Goal of the exercise
Within the entries below, please retype exactly the lines starting with the line that has "Convert code to" and going on through the line that has "class UserRepositoryImpl @Inject", but not the pictures.

Input data
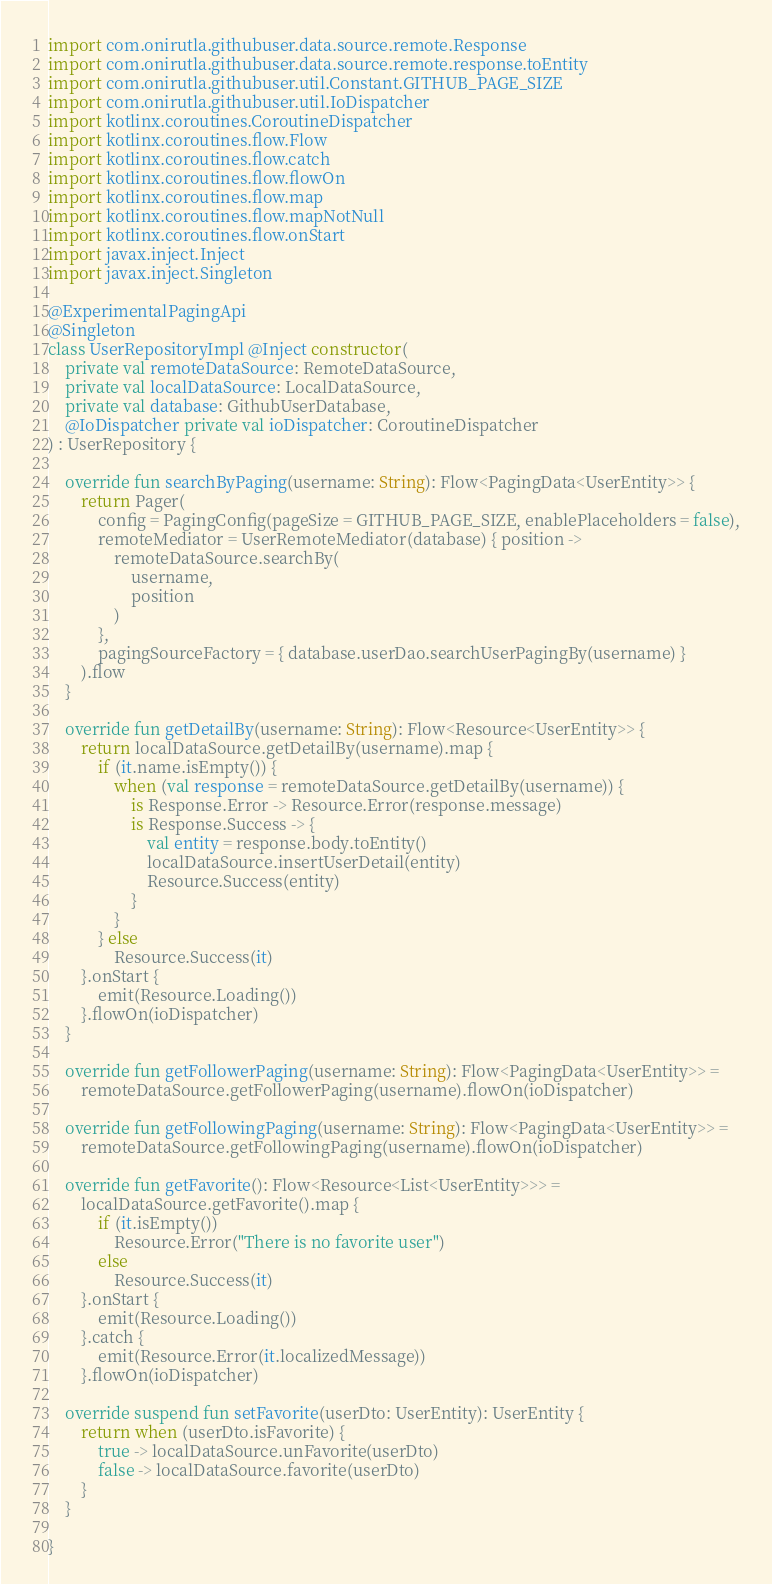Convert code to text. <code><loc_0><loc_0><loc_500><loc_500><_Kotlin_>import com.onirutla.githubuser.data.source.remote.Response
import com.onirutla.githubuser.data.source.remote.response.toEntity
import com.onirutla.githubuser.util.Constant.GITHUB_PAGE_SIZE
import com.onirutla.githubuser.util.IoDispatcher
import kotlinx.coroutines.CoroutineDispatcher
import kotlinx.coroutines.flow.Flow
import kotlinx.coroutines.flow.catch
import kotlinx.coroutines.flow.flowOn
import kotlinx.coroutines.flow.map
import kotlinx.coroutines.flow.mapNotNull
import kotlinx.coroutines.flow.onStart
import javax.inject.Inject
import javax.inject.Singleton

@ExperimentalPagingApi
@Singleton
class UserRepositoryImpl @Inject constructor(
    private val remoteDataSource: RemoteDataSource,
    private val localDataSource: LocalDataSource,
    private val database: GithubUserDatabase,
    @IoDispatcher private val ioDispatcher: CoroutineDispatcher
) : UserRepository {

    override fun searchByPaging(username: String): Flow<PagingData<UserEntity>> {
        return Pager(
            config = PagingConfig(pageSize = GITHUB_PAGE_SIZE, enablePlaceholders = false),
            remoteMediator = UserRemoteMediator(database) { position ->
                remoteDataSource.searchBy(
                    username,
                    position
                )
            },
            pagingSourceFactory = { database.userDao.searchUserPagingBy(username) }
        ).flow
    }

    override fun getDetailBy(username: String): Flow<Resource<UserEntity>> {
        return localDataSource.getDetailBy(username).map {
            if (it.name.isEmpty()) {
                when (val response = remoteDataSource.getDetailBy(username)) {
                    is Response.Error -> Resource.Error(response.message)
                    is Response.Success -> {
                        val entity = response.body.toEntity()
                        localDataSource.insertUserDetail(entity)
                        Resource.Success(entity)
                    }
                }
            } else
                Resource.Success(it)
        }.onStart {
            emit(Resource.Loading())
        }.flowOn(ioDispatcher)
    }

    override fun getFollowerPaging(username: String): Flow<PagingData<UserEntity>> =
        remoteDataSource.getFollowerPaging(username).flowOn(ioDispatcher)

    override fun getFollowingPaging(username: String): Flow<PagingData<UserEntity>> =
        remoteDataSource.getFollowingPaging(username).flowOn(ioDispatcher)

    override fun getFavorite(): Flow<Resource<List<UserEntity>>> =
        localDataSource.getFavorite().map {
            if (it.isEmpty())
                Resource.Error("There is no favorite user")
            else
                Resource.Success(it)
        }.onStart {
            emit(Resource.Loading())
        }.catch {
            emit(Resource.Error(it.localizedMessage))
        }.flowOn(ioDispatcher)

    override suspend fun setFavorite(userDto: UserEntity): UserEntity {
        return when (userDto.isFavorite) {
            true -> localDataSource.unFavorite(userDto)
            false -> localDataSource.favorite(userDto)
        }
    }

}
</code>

...

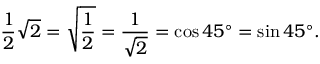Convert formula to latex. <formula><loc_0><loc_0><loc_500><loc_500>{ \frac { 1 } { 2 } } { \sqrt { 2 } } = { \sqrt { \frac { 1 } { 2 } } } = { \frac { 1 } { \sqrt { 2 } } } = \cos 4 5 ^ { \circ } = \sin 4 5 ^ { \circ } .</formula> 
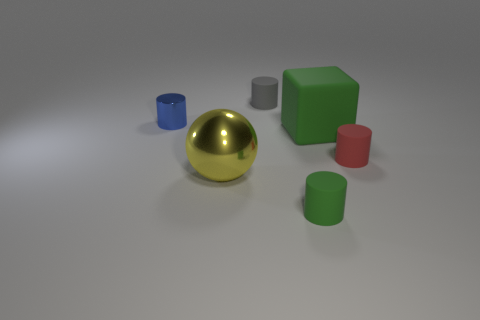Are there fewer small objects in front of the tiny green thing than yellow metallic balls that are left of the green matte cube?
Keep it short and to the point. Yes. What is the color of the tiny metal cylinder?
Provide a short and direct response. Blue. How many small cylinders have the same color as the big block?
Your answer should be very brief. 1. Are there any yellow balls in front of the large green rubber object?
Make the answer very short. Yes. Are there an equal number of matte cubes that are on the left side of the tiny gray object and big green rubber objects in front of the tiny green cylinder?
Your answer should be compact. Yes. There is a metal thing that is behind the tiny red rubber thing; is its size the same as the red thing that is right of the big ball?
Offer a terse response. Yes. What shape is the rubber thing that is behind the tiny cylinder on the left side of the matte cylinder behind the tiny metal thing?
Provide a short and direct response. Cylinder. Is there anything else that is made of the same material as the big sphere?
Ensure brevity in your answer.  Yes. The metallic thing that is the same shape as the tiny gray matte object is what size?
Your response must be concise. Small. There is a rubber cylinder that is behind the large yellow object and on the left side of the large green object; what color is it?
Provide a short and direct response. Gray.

* * *

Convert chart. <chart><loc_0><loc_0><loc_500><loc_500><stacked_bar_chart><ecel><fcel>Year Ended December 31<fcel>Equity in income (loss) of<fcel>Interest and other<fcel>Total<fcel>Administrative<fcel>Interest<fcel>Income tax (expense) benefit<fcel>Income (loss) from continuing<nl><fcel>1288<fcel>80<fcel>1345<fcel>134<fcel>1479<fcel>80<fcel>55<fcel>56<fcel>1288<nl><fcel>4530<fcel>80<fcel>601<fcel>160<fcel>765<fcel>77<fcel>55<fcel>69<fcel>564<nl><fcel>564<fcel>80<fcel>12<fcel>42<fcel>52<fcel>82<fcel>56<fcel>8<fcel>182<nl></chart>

Task response
Convert code to text. <code><loc_0><loc_0><loc_500><loc_500><_Kotlin_>import com.onirutla.githubuser.data.source.remote.Response
import com.onirutla.githubuser.data.source.remote.response.toEntity
import com.onirutla.githubuser.util.Constant.GITHUB_PAGE_SIZE
import com.onirutla.githubuser.util.IoDispatcher
import kotlinx.coroutines.CoroutineDispatcher
import kotlinx.coroutines.flow.Flow
import kotlinx.coroutines.flow.catch
import kotlinx.coroutines.flow.flowOn
import kotlinx.coroutines.flow.map
import kotlinx.coroutines.flow.mapNotNull
import kotlinx.coroutines.flow.onStart
import javax.inject.Inject
import javax.inject.Singleton

@ExperimentalPagingApi
@Singleton
class UserRepositoryImpl @Inject constructor(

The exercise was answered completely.